* _WORK TASK_: Two lines in the listing below mark the span: one contains "text Minister Bussemaker: [248, 1224, 691, 1246]" and one contains "text ik toch". Reproduce both of them and everything between, exactly.
══════════
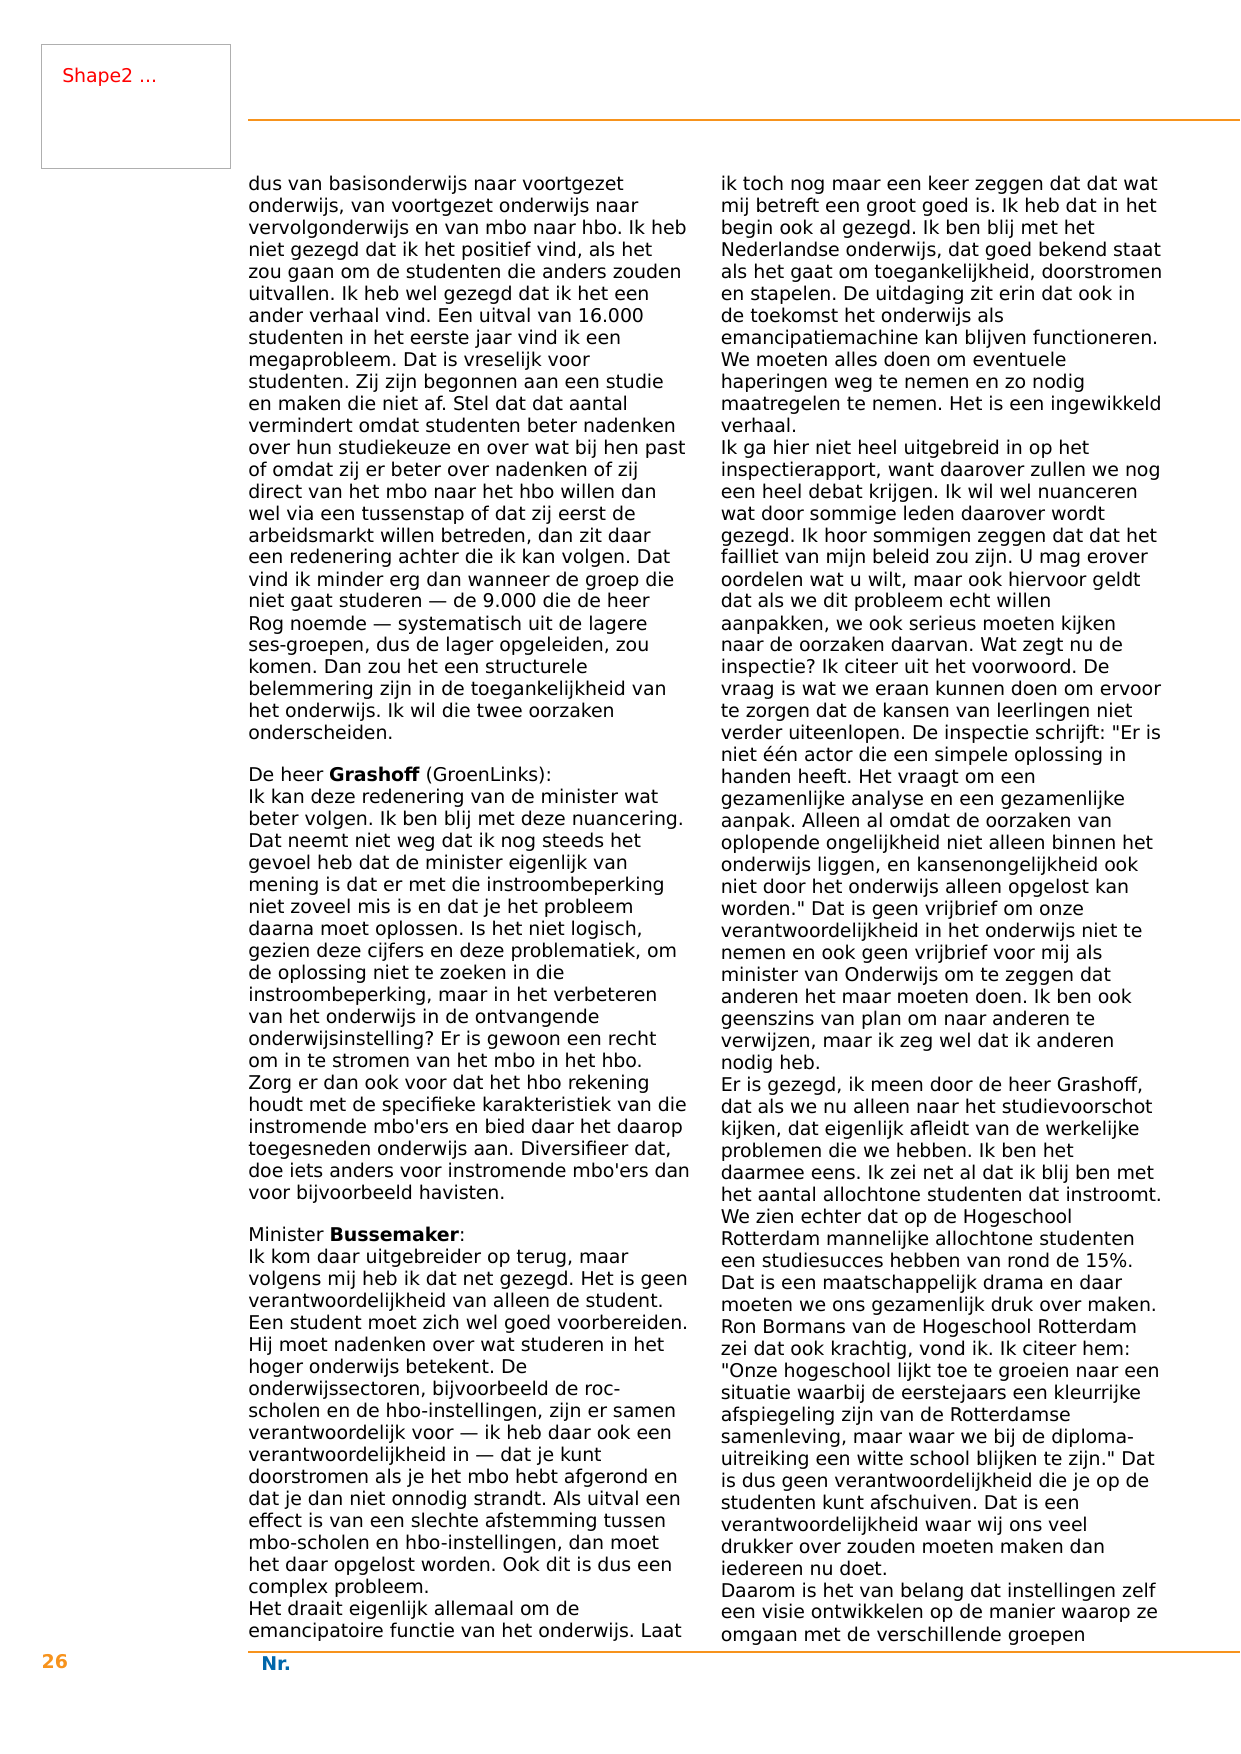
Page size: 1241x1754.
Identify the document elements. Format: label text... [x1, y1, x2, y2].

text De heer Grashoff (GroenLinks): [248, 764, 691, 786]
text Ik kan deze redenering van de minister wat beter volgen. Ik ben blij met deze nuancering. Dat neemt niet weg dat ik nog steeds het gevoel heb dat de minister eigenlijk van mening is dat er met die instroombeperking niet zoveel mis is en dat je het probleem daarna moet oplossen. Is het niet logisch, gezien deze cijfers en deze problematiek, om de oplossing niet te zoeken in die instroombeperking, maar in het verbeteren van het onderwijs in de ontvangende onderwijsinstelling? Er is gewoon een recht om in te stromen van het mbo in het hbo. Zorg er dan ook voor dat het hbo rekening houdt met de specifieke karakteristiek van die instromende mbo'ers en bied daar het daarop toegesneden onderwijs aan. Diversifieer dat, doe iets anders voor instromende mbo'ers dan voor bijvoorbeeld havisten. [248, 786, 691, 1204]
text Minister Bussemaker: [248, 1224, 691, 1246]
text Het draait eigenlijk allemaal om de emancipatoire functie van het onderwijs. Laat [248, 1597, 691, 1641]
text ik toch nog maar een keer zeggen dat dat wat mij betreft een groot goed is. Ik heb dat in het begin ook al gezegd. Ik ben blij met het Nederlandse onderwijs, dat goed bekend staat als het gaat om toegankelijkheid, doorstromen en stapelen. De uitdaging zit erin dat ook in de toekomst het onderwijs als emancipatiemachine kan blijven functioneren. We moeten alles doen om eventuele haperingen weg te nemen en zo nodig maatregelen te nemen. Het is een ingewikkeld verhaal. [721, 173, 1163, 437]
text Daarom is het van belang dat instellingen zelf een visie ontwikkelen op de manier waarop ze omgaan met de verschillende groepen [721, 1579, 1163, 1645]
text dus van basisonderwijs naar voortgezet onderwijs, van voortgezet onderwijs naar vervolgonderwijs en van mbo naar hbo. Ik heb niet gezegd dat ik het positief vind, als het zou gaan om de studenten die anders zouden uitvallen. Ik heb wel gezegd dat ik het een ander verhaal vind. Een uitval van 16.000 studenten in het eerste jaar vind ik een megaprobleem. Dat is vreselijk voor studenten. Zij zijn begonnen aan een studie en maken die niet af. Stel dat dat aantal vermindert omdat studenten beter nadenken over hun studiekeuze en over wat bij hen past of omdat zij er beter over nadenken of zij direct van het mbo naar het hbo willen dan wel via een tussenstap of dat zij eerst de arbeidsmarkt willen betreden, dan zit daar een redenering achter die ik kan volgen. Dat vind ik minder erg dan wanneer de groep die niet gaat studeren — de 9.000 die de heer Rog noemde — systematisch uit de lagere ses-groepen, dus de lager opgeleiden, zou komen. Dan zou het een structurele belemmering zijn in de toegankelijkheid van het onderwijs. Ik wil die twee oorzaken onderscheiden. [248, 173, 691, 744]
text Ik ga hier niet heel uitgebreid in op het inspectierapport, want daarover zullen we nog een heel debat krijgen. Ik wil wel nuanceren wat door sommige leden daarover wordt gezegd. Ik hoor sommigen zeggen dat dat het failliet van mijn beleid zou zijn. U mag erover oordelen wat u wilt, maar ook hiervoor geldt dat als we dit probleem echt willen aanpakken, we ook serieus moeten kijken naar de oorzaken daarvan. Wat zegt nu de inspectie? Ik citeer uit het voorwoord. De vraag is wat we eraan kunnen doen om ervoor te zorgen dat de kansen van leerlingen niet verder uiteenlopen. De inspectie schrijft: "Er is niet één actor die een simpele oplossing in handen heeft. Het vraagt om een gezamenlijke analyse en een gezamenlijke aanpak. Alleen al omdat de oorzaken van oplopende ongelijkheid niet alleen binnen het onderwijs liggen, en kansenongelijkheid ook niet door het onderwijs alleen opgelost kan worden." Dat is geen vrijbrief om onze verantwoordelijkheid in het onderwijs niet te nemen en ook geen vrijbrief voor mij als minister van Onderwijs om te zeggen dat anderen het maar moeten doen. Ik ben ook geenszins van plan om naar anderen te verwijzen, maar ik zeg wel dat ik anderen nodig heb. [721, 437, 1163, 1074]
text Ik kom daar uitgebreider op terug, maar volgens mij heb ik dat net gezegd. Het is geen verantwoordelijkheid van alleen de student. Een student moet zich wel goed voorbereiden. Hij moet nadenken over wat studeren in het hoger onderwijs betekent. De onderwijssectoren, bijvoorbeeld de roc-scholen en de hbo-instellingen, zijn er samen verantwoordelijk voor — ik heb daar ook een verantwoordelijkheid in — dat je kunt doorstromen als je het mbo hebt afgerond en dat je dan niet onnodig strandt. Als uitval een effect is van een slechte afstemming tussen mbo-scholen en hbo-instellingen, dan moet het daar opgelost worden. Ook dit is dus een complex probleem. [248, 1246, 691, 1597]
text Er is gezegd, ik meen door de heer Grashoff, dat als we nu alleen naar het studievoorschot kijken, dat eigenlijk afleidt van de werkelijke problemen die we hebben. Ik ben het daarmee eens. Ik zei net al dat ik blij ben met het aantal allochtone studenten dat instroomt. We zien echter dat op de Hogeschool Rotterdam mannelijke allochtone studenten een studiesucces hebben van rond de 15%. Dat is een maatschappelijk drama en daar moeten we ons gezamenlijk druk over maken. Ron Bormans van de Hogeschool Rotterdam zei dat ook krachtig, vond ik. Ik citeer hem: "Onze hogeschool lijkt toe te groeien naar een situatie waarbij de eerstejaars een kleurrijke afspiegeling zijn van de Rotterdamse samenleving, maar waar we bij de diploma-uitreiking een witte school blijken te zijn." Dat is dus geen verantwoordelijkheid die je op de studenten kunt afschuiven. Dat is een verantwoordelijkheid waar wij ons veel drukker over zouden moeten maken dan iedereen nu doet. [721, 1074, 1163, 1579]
══════════
* _RESPONSE TO THE TASK_:
text Minister Bussemaker: [248, 1224, 691, 1246]
text Het draait eigenlijk allemaal om de emancipatoire functie van het onderwijs. Laat [248, 1597, 691, 1641]
text ik toch nog maar een keer zeggen dat dat wat mij betreft een groot goed is. Ik heb dat in het begin ook al gezegd. Ik ben blij met het Nederlandse onderwijs, dat goed bekend staat als het gaat om toegankelijkheid, doorstromen en stapelen. De uitdaging zit erin dat ook in de toekomst het onderwijs als emancipatiemachine kan blijven functioneren. We moeten alles doen om eventuele haperingen weg te nemen en zo nodig maatregelen te nemen. Het is een ingewikkeld verhaal. [721, 173, 1163, 437]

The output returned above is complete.